Once the final rules are published most farmers will have two years to come into compliance. In addition, farmers will have two additional years to comply with all of the water testing requirements. Smaller operations will have additional time.
Does the Produce Rule mean additional food safety requirements for LGMA members?
For the most part, the existing LGMA food safety practices exceed the requirements of the proposed produce rule. The LGMA is working to determine what, if any, changes to the LGMA program might be required in order to ensure that all physical requirements are being met through the program.
Will the Produce Rule require additional inspections of my farm beyond what is currently conducted?
FDA has acknowledged that it does not have the resources to start inspecting every farm in the country.

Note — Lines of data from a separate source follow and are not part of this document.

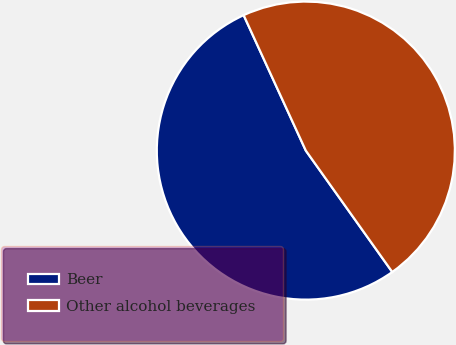Convert chart to OTSL. <chart><loc_0><loc_0><loc_500><loc_500><pie_chart><fcel>Beer<fcel>Other alcohol beverages<nl><fcel>53.0%<fcel>47.0%<nl></chart> 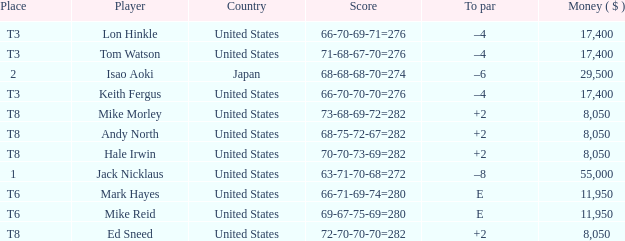What to par is located in the united states and has the player by the name of hale irwin? 2.0. 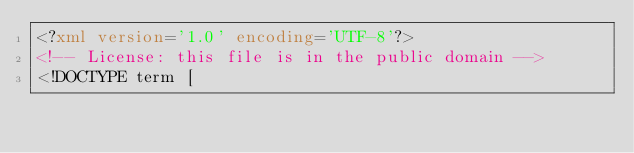Convert code to text. <code><loc_0><loc_0><loc_500><loc_500><_XML_><?xml version='1.0' encoding='UTF-8'?>
<!-- License: this file is in the public domain -->
<!DOCTYPE term [</code> 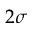Convert formula to latex. <formula><loc_0><loc_0><loc_500><loc_500>2 \sigma</formula> 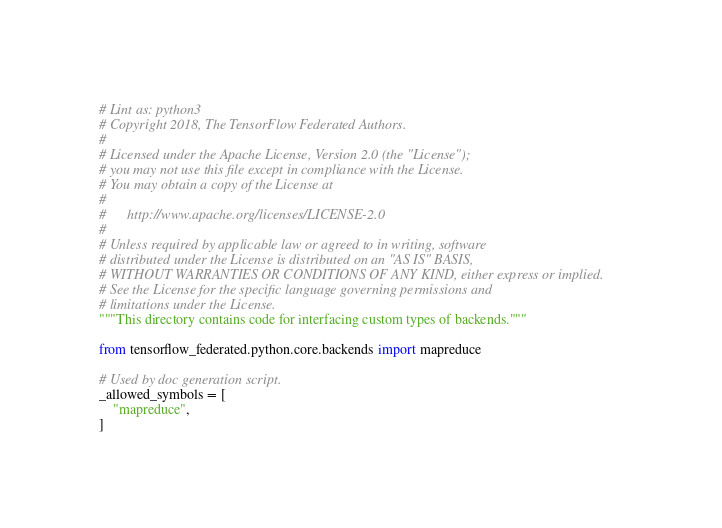Convert code to text. <code><loc_0><loc_0><loc_500><loc_500><_Python_># Lint as: python3
# Copyright 2018, The TensorFlow Federated Authors.
#
# Licensed under the Apache License, Version 2.0 (the "License");
# you may not use this file except in compliance with the License.
# You may obtain a copy of the License at
#
#      http://www.apache.org/licenses/LICENSE-2.0
#
# Unless required by applicable law or agreed to in writing, software
# distributed under the License is distributed on an "AS IS" BASIS,
# WITHOUT WARRANTIES OR CONDITIONS OF ANY KIND, either express or implied.
# See the License for the specific language governing permissions and
# limitations under the License.
"""This directory contains code for interfacing custom types of backends."""

from tensorflow_federated.python.core.backends import mapreduce

# Used by doc generation script.
_allowed_symbols = [
    "mapreduce",
]
</code> 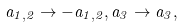Convert formula to latex. <formula><loc_0><loc_0><loc_500><loc_500>a _ { 1 , 2 } \to - a _ { 1 , 2 } , a _ { 3 } \to a _ { 3 } ,</formula> 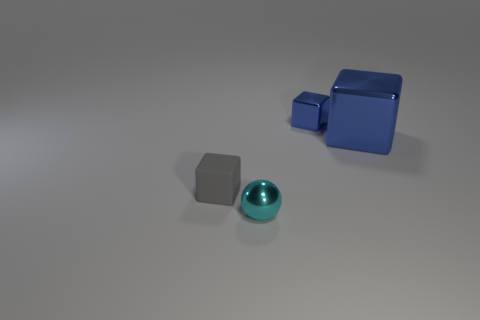There is a shiny object that is in front of the metal block that is in front of the block that is behind the big blue shiny block; what is its size?
Offer a terse response. Small. There is a tiny gray thing; are there any gray matte cubes behind it?
Keep it short and to the point. No. What shape is the other metallic object that is the same color as the large object?
Your response must be concise. Cube. How many objects are shiny objects in front of the large cube or big blue matte cubes?
Keep it short and to the point. 1. What size is the cyan object that is made of the same material as the tiny blue cube?
Keep it short and to the point. Small. Is the size of the gray rubber cube the same as the metallic thing that is in front of the small gray block?
Ensure brevity in your answer.  Yes. What is the color of the thing that is both behind the small ball and in front of the big blue metal block?
Your answer should be compact. Gray. How many things are things that are behind the ball or small objects that are behind the tiny ball?
Give a very brief answer. 3. There is a tiny thing that is behind the small block that is left of the tiny blue shiny block that is right of the small cyan shiny sphere; what color is it?
Provide a succinct answer. Blue. Is there a tiny cyan thing that has the same shape as the small blue thing?
Keep it short and to the point. No.

The LGMA is working closely with FDA to make sure that the new federal food safety rules do not result in additional audits and inspections of farms that are already being audited under the LGMA program. We will seek to build a mechanism with FDA to ensure that compliance with the LGMA verifies compliance with the new federal rules.
Are there additional fees I will be required to pay as a result of the Produce Rule?
At this time the question of fees is not addressed in the produce rule. The LGMA is working to develop a mechanism to verify compliance with the new rules through the existing LGMA program, in part so that no additional fees or costs will be incurred or required.
I understand that some operations are exempt from the new laws. Who is exempt and why?
When it passed the Food Safety Modernization Act, Congress included an exemption for small farmers. The so-called Tester amendment exempts companies who sell locally and sell less than $500,000 worth of product a year, with 51% of that or more going to local sales, from the requirement to comply with the food safety laws. In addition, the proposed produce rule offers additional classifications of very small and small companies who, while required to comply with the new rules, will be given more time to do so.
How can the leafy greens industry provide input on provisions of the new laws before they are finalized?
All stakeholders have been invited by FDA to provide comments on the proposed rules prior to December 15, 2014. The LGMA will be sharing its thoughts and potential message points with industry in advance of the deadline, and handlers and growers are encouraged to submit comments directly to FDA if they feel strongly about certain elements of the proposed rule.
When will produce rule go into effect?
The final Produce Rule is expected to be issued in October 2015. The original proposed Produce Rule has been revised and is open to public comment until December 15, 2014. Once the comment period closes, FDA will review all comments submitted, finalize the rules and publish them in 2015.